*WHAT NEEDS TO BE DONE*
Give the data again in full, without pictures.

*MATERIAL SHOWN*
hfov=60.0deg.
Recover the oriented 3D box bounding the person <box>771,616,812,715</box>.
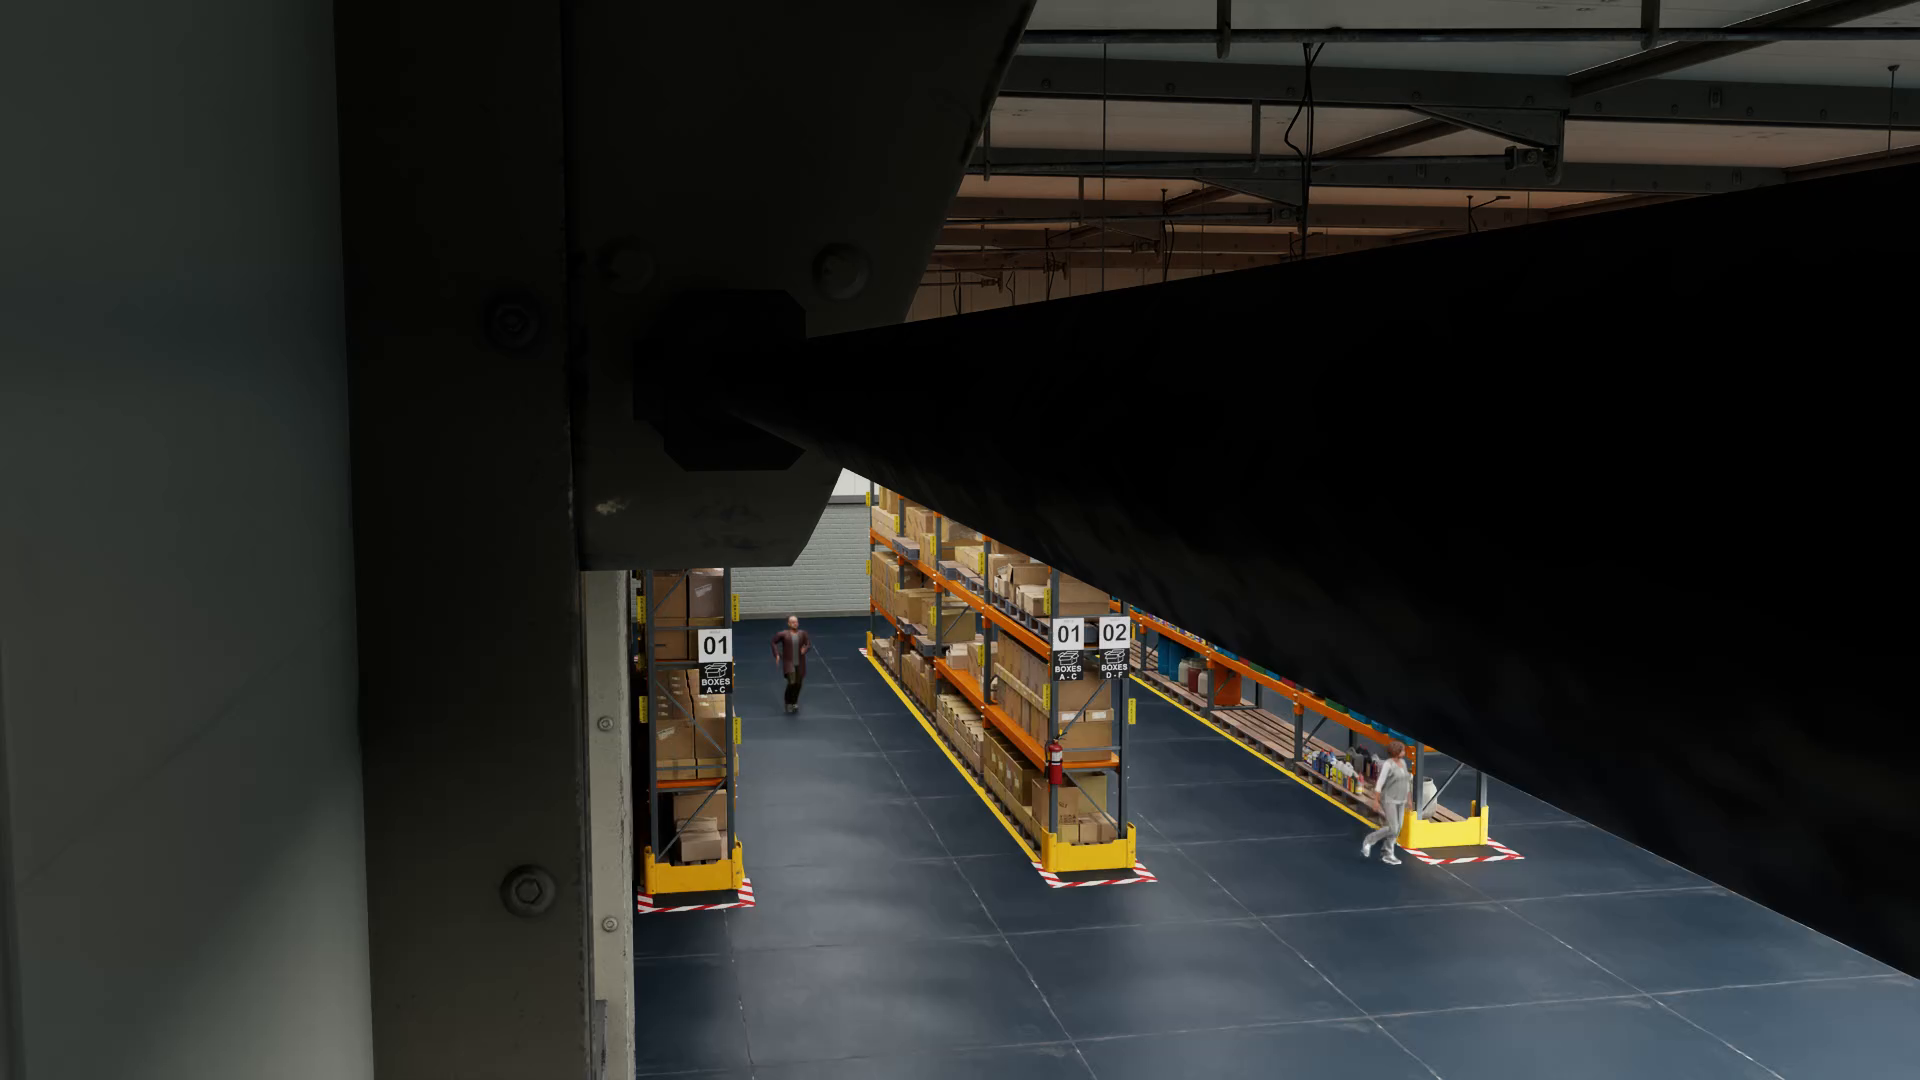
[{"bbox_3d":[-3.040,2.287,30.346,0.693,1.790,0.764,-3,6,-23],"label":"person"}]

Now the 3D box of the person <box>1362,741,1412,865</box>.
[{"bbox_3d":[5.427,3.331,21.158,0.553,1.588,0.491,-5,8,-41],"label":"person"}]
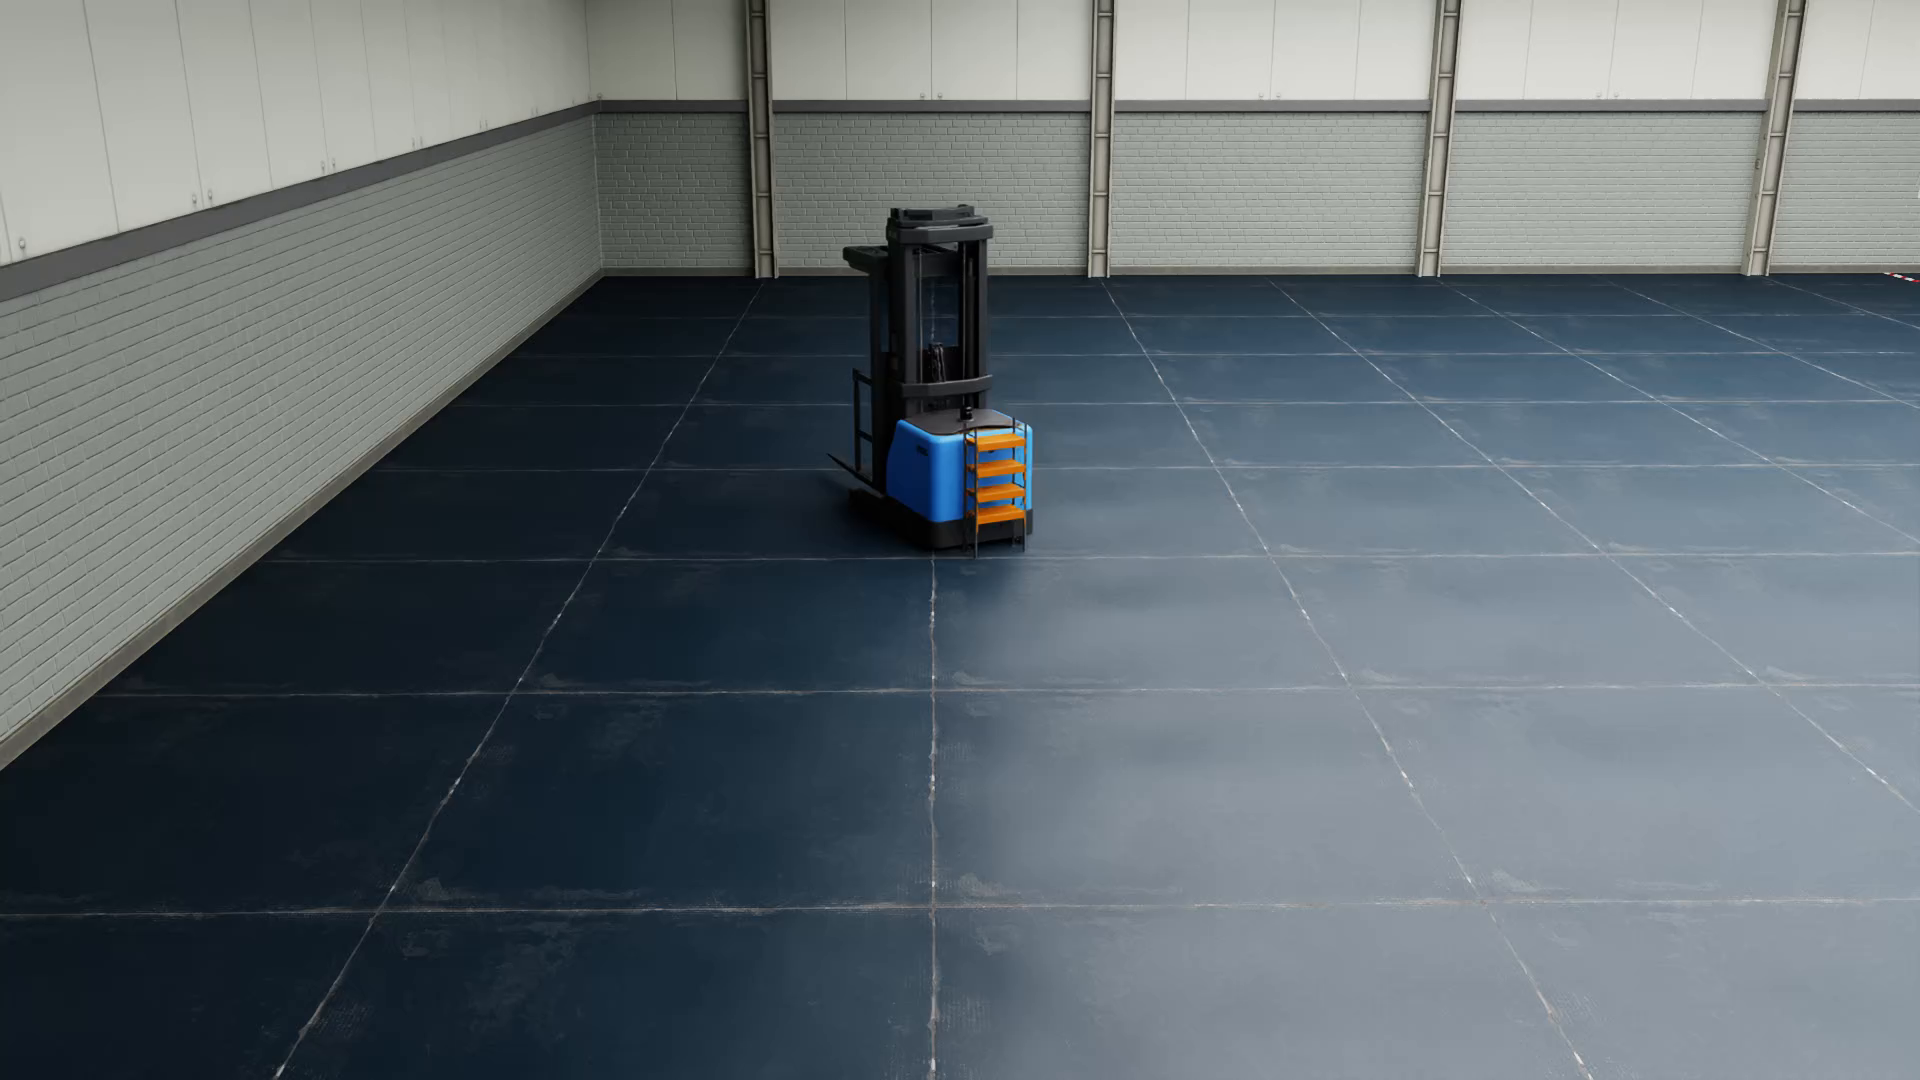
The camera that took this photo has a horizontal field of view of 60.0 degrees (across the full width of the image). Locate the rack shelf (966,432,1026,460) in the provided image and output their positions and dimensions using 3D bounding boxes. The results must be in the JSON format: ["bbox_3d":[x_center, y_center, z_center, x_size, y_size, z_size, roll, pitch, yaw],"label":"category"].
[{"bbox_3d":[0.310,-0.826,14.573,0.480,0.148,0.258,-9,20,-25],"label":"rack shelf"}]

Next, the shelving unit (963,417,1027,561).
[{"bbox_3d":[0.309,-0.451,14.693,0.503,1.200,0.258,-9,20,-25],"label":"shelving unit"}]

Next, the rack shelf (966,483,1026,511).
[{"bbox_3d":[0.309,-0.387,14.714,0.480,0.148,0.258,-9,20,-25],"label":"rack shelf"}]

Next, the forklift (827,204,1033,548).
[{"bbox_3d":[-0.430,-1.729,15.843,1.130,2.935,3.031,-8,20,-25],"label":"forklift"}]

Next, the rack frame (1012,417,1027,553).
[{"bbox_3d":[0.528,-0.485,14.796,0.015,1.200,0.240,-9,20,-25],"label":"rack frame"}]

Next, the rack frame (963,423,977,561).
[{"bbox_3d":[0.091,-0.418,14.590,0.015,1.200,0.240,-9,20,-25],"label":"rack frame"}]

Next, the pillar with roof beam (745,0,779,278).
[{"bbox_3d":[-3.425,-7.737,24.635,0.400,9.000,9.100,0,18,-1],"label":"pillar with roof beam"}]

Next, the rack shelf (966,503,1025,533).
[{"bbox_3d":[0.309,-0.198,14.774,0.480,0.148,0.258,-9,20,-25],"label":"rack shelf"}]

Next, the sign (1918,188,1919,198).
[{"bbox_3d":[17.478,-6.356,30.095,0.234,0.329,0.001,0,18,-1],"label":"sign"}]

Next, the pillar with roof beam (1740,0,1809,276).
[{"bbox_3d":[14.573,-7.823,24.906,0.400,9.000,9.100,0,18,-1],"label":"pillar with roof beam"}]

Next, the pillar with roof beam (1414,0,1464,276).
[{"bbox_3d":[8.574,-7.794,24.816,0.400,9.000,9.100,0,18,-1],"label":"pillar with roof beam"}]

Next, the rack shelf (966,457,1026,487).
[{"bbox_3d":[0.309,-0.600,14.645,0.480,0.148,0.258,-9,20,-25],"label":"rack shelf"}]

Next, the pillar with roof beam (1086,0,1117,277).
[{"bbox_3d":[2.574,-7.766,24.726,0.400,9.000,9.100,0,18,-1],"label":"pillar with roof beam"}]
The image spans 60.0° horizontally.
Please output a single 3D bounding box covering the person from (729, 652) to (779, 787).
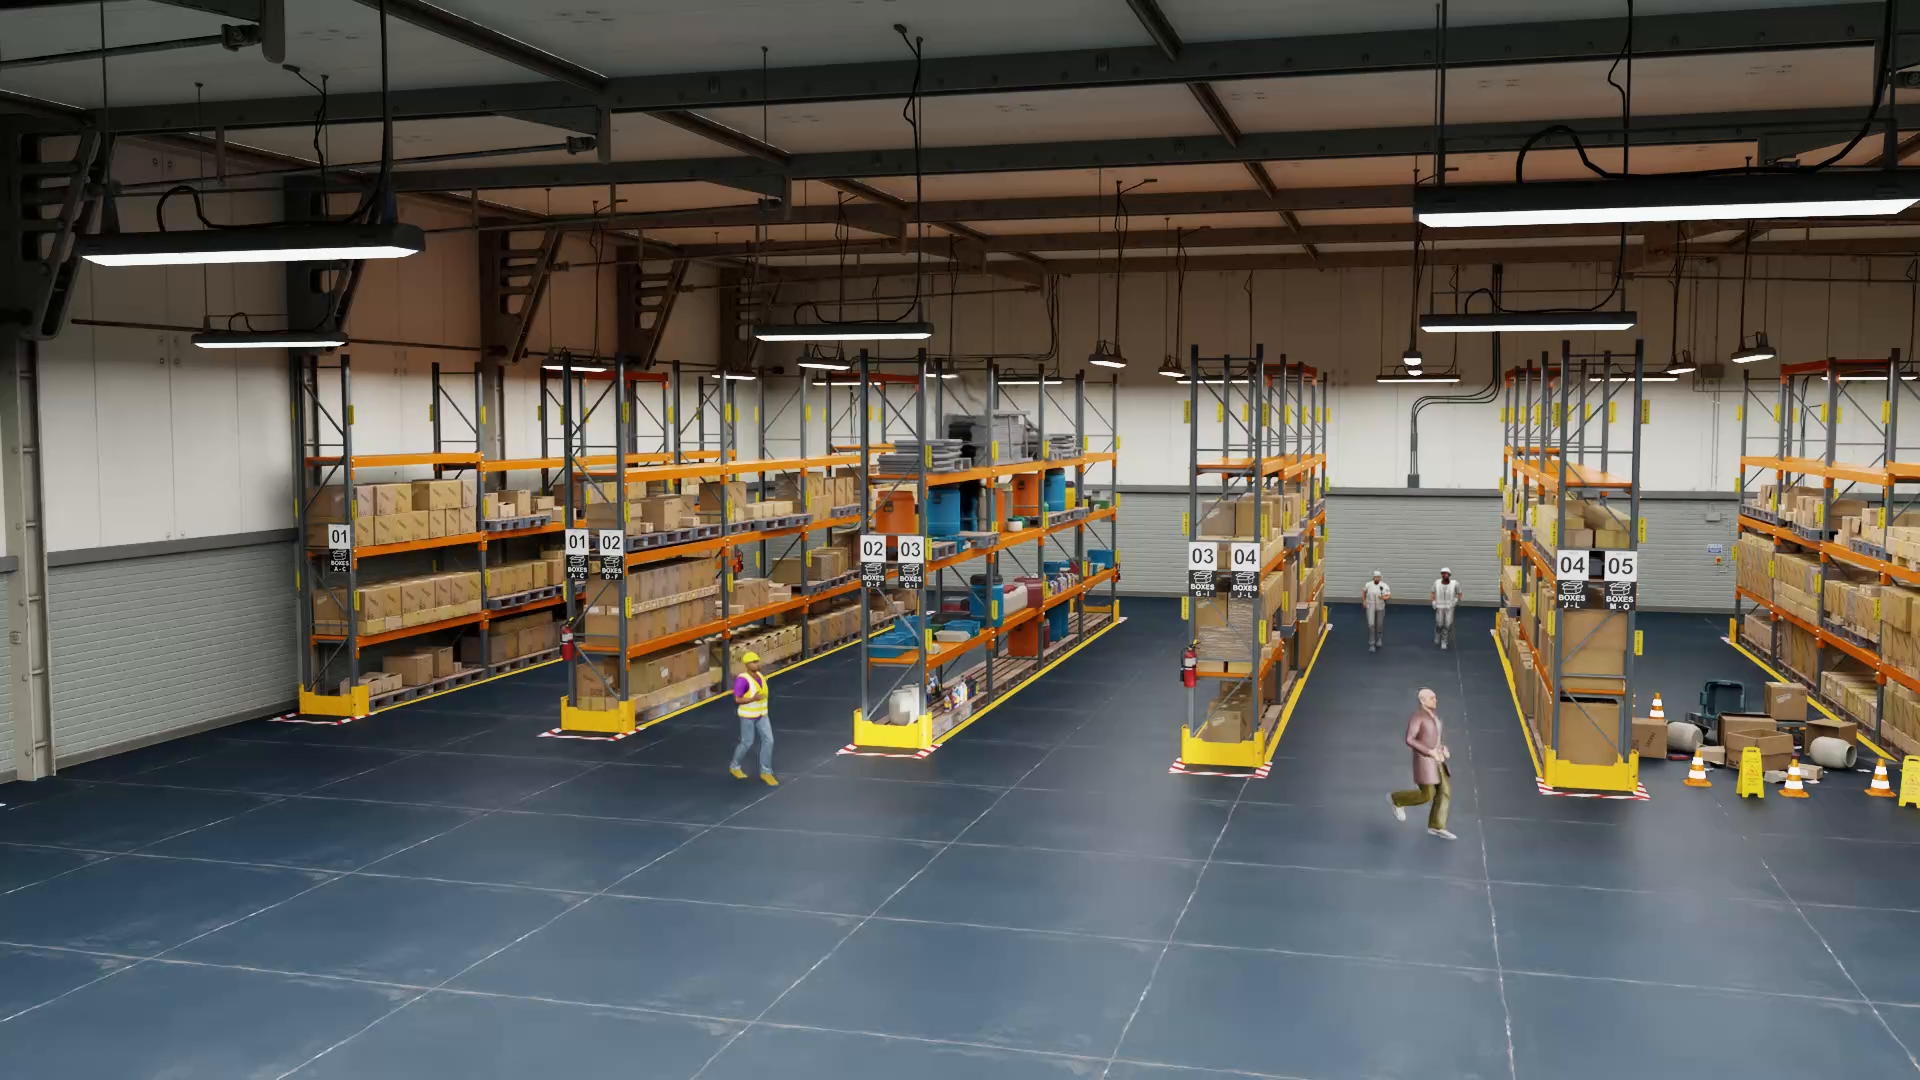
[{"bbox_3d":[-2.825,2.421,22.560,0.766,1.820,0.682,3,5,38],"label":"person"}]

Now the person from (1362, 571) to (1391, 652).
[{"bbox_3d":[8.886,1.503,35.496,0.581,1.712,0.855,1,4,13],"label":"person"}]

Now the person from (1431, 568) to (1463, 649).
[{"bbox_3d":[10.417,1.462,35.640,0.668,1.747,0.624,1,5,19],"label":"person"}]

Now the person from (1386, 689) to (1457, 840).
[{"bbox_3d":[5.546,2.651,19.862,0.882,1.766,0.708,4,6,45],"label":"person"}]

*YOUR RESPONSE*
hfov=60.0deg.
Recover the oriented 3D box bounding the person <box>771,616,812,715</box>.
[{"bbox_3d":[-3.040,2.287,30.346,0.693,1.790,0.764,-3,6,-23],"label":"person"}]

Now the 3D box of the person <box>1362,741,1412,865</box>.
[{"bbox_3d":[5.427,3.331,21.158,0.553,1.588,0.491,-5,8,-41],"label":"person"}]
The camera that took this photo has a horizontal field of view of 60.0 degrees (across the full width of the image). Locate the rack shelf (966,432,1026,460) in the provided image and output their positions and dimensions using 3D bounding boxes. The results must be in the JSON format: ["bbox_3d":[x_center, y_center, z_center, x_size, y_size, z_size, roll, pitch, yaw],"label":"category"].
[{"bbox_3d":[0.310,-0.826,14.573,0.480,0.148,0.258,-9,20,-25],"label":"rack shelf"}]

Next, the shelving unit (963,417,1027,561).
[{"bbox_3d":[0.309,-0.451,14.693,0.503,1.200,0.258,-9,20,-25],"label":"shelving unit"}]

Next, the rack shelf (966,483,1026,511).
[{"bbox_3d":[0.309,-0.387,14.714,0.480,0.148,0.258,-9,20,-25],"label":"rack shelf"}]

Next, the forklift (827,204,1033,548).
[{"bbox_3d":[-0.430,-1.729,15.843,1.130,2.935,3.031,-8,20,-25],"label":"forklift"}]

Next, the rack frame (1012,417,1027,553).
[{"bbox_3d":[0.528,-0.485,14.796,0.015,1.200,0.240,-9,20,-25],"label":"rack frame"}]

Next, the rack frame (963,423,977,561).
[{"bbox_3d":[0.091,-0.418,14.590,0.015,1.200,0.240,-9,20,-25],"label":"rack frame"}]

Next, the pillar with roof beam (745,0,779,278).
[{"bbox_3d":[-3.425,-7.737,24.635,0.400,9.000,9.100,0,18,-1],"label":"pillar with roof beam"}]

Next, the rack shelf (966,503,1025,533).
[{"bbox_3d":[0.309,-0.198,14.774,0.480,0.148,0.258,-9,20,-25],"label":"rack shelf"}]

Next, the sign (1918,188,1919,198).
[{"bbox_3d":[17.478,-6.356,30.095,0.234,0.329,0.001,0,18,-1],"label":"sign"}]

Next, the pillar with roof beam (1740,0,1809,276).
[{"bbox_3d":[14.573,-7.823,24.906,0.400,9.000,9.100,0,18,-1],"label":"pillar with roof beam"}]

Next, the pillar with roof beam (1414,0,1464,276).
[{"bbox_3d":[8.574,-7.794,24.816,0.400,9.000,9.100,0,18,-1],"label":"pillar with roof beam"}]

Next, the rack shelf (966,457,1026,487).
[{"bbox_3d":[0.309,-0.600,14.645,0.480,0.148,0.258,-9,20,-25],"label":"rack shelf"}]

Next, the pillar with roof beam (1086,0,1117,277).
[{"bbox_3d":[2.574,-7.766,24.726,0.400,9.000,9.100,0,18,-1],"label":"pillar with roof beam"}]
The image spans 60.0° horizontally.
Please output a single 3D bounding box covering the person from (729, 652) to (779, 787).
[{"bbox_3d":[-2.825,2.421,22.560,0.766,1.820,0.682,3,5,38],"label":"person"}]

Now the person from (1362, 571) to (1391, 652).
[{"bbox_3d":[8.886,1.503,35.496,0.581,1.712,0.855,1,4,13],"label":"person"}]

Now the person from (1431, 568) to (1463, 649).
[{"bbox_3d":[10.417,1.462,35.640,0.668,1.747,0.624,1,5,19],"label":"person"}]

Now the person from (1386, 689) to (1457, 840).
[{"bbox_3d":[5.546,2.651,19.862,0.882,1.766,0.708,4,6,45],"label":"person"}]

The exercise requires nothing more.